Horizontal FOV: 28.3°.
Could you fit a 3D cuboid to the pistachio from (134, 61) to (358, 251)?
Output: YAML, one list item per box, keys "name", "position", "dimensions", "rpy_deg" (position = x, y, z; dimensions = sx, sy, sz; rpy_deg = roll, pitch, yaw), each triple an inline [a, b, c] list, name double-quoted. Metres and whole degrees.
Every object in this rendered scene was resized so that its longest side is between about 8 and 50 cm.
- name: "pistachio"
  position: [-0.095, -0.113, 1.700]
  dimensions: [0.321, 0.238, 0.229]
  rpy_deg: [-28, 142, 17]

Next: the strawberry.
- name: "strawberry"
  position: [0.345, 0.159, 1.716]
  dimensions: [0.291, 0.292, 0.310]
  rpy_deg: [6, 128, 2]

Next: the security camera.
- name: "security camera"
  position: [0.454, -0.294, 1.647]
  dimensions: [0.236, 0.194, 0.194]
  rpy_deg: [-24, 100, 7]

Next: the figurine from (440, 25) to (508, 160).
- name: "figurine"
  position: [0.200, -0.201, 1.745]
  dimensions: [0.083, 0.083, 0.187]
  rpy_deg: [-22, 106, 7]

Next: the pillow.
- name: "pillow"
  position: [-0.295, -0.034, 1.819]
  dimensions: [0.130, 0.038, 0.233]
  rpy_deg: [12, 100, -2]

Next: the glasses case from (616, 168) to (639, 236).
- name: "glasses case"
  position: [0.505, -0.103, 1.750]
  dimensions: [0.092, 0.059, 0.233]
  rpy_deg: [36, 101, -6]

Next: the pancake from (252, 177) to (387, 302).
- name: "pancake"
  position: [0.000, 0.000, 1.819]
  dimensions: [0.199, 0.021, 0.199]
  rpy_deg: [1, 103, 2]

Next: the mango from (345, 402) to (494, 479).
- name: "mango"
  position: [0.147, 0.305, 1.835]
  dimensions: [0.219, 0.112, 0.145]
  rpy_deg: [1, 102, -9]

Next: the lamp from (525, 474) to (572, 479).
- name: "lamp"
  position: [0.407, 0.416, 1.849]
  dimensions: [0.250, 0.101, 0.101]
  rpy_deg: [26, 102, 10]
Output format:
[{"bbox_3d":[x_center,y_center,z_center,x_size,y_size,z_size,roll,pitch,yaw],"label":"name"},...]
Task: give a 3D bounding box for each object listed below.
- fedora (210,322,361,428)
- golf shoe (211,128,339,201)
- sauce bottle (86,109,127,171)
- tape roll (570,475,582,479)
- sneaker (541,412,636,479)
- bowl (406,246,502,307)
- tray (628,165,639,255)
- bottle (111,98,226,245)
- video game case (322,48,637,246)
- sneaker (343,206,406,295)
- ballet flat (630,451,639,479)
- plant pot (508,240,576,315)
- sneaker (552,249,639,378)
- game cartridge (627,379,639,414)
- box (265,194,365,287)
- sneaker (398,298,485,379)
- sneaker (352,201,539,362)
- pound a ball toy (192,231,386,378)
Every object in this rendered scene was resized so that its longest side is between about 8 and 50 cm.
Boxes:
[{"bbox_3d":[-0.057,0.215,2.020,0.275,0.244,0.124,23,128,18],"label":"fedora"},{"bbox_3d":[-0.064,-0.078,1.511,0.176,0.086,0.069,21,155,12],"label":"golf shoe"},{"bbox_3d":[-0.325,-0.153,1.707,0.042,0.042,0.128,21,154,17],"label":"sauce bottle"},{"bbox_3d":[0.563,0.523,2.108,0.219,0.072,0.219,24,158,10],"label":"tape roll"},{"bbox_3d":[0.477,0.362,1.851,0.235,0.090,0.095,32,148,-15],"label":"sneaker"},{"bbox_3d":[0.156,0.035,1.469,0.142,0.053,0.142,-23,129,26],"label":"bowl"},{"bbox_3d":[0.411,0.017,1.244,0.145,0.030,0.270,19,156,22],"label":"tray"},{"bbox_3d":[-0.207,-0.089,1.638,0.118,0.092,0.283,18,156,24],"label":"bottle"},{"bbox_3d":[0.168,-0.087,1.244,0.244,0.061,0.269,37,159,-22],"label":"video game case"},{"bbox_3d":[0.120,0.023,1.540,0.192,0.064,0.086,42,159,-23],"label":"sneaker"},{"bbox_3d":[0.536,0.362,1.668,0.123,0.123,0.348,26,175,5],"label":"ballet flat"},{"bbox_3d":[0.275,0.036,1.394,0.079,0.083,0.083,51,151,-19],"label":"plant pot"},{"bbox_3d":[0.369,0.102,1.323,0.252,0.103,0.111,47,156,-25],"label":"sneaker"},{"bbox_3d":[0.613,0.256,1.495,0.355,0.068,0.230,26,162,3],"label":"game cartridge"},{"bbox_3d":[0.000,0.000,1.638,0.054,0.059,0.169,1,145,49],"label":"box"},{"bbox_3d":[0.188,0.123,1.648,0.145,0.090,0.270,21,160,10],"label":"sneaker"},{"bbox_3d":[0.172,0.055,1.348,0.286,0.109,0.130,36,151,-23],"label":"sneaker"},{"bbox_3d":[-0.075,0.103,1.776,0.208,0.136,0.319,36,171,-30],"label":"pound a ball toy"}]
——
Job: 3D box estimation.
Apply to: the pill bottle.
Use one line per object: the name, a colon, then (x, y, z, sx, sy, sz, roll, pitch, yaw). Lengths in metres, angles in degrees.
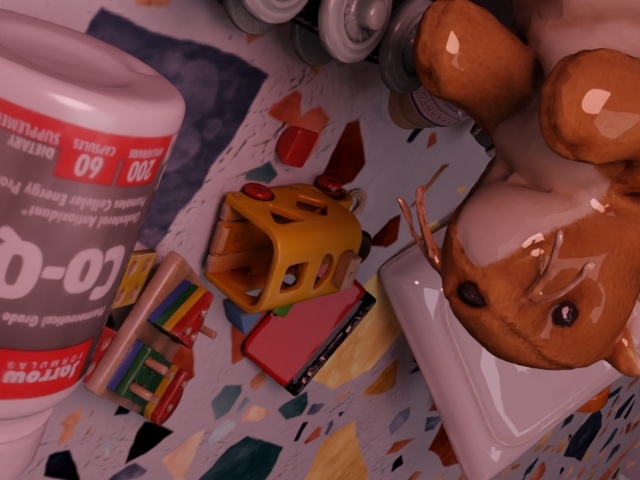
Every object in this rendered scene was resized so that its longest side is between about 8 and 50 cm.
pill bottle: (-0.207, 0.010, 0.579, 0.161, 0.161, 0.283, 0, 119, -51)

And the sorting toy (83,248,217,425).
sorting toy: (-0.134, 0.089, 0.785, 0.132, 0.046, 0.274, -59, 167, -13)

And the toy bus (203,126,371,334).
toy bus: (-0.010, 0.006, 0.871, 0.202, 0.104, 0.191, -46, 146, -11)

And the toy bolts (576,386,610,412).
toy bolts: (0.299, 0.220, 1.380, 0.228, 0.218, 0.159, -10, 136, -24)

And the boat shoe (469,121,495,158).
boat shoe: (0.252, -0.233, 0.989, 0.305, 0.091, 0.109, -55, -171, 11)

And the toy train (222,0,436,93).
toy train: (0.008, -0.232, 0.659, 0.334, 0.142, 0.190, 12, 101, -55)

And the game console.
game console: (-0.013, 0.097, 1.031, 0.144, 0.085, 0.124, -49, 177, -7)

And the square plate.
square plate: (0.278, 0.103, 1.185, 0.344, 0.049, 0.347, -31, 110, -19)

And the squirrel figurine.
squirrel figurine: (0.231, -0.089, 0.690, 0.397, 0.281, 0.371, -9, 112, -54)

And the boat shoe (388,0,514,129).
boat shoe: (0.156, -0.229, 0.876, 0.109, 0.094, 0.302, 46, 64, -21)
——
* **YOUR INSTRUCTIONS**: Go through the entries above and count the lines containing the string "degrees". Give only that number.

* **RESPONSE**: 2